优先处理来自特定数据源的数据 [英] Give priority to data from Specific Datasource
问题描述
我的数据如下
ID Name Description DataSource Year
1 Apple Sweet & Tasty Source_A 2016
1 Apple Red and Sweet & Tasty Source_B 2015
2 Apple Delicious Source_A 2016
2 Apple Delicious and Red Source_C 2015
3 Apple Source_C 2013
3 Apple Green and Large Source_B 2016
就我而言,我想优先考虑source_B,因为它更可靠.因此,如果有来自Soure_B的数据,我想显示该行的特定ID,而忽略其他行.如果不存在来自source_B的数据,则仅要显示来自其他源的数据.另外,我只想显示一行最新数据.

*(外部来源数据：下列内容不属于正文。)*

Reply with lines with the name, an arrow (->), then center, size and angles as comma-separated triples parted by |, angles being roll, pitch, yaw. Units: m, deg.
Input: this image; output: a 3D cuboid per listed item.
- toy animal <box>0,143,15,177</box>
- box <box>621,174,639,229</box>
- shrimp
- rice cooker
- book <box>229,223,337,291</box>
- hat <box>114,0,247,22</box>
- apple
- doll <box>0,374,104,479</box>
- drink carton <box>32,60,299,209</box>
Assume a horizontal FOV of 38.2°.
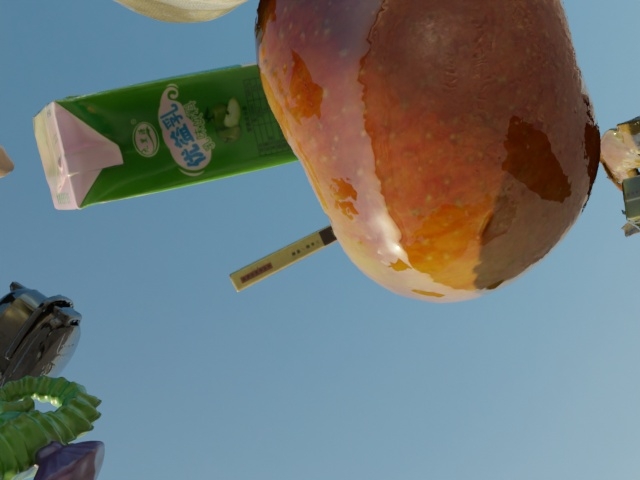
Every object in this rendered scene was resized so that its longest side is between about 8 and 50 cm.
toy animal -> -0.478, -0.040, 1.074 | 0.154, 0.166, 0.250 | 35, -99, -12
box -> 0.211, -0.012, 0.434 | 0.133, 0.090, 0.023 | 20, -120, -46
shrimp -> 0.219, -0.038, 0.589 | 0.180, 0.099, 0.041 | 85, -163, -74
rice cooker -> -0.362, 0.133, 1.113 | 0.165, 0.106, 0.112 | -64, -9, -1
book -> 0.000, 0.000, 1.126 | 0.230, 0.161, 0.026 | -27, -91, -2
hat -> -0.127, -0.250, 0.673 | 0.232, 0.275, 0.161 | -56, -39, -24
apple -> 0.067, -0.086, 0.533 | 0.210, 0.173, 0.235 | -17, -97, -82
doll -> -0.187, 0.120, 0.516 | 0.190, 0.115, 0.050 | -28, -49, -65
drink carton -> -0.136, -0.109, 0.918 | 0.271, 0.161, 0.108 | -14, -83, -22
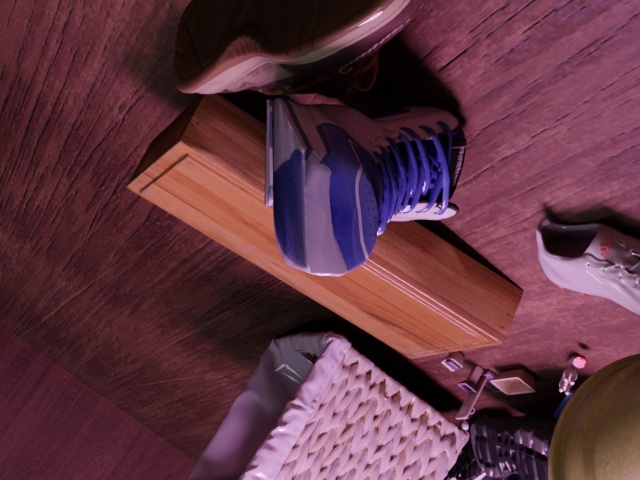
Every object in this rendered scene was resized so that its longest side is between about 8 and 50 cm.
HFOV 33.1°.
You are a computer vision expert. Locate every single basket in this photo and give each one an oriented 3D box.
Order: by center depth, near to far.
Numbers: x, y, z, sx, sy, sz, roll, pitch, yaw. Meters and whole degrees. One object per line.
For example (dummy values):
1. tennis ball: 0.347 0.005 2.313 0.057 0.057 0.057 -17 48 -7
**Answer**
1. basket: -0.011 0.340 1.592 0.266 0.331 0.328 36 164 -10

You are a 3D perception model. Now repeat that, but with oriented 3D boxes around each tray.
1. tray: 0.000 0.000 1.201 0.411 0.076 0.203 31 158 -17

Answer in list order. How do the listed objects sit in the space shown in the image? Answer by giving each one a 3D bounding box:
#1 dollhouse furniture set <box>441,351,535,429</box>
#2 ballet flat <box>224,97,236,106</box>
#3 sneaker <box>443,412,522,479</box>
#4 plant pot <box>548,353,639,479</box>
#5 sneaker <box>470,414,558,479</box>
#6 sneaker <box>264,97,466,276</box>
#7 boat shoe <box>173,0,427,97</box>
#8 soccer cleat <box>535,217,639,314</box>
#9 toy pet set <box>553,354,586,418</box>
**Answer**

In my case, I would like to give priority to source_B because it is more reliable. So if there is a data from Soure_B, I would like to display that row for the specific ID and ignore others. If data from source_B is not present, only then I want to display data from other sources. Also, I would like to display just one row of most recent data.
在上面的示例中,结果应类似于
In above example, result should look like
ID Name Description DataSource Year
1 Apple Red and Sweet & Tasty Source_B 2015
2 Apple Delicious Source_A 2016
3 Apple Green and Large Source_B 2016
推荐答案
您可以使用row_number + case设置优先级,如下所示:
You can do the priorities using row_number + case, like this:
select
id,
name,
description,
datasource,
year
from (
select
id,
name,
description,
datasource,
year,
row_number () over (
partition by ID
order by case when DataSource = 'Source_B' then 1 else 2 end,
Year desc
) as RN
from
table1
) X
where
RN = 1
分区by将为每个ID选择新的ID,而order by选择行将以哪个顺序获取数字.然后,外部选择过滤掉编号为1的行以外的行.
The partition by will choose new ID for each ID, and order by selects in which order the rows will get the number. The outer select then filters out others than rows with number 1.
您可以在 SQL小提琴
这篇关于优先处理来自特定数据源的数据的文章就介绍到这了,希望我们推荐的答案对大家有所帮助,也希望大家多多支持IT屋!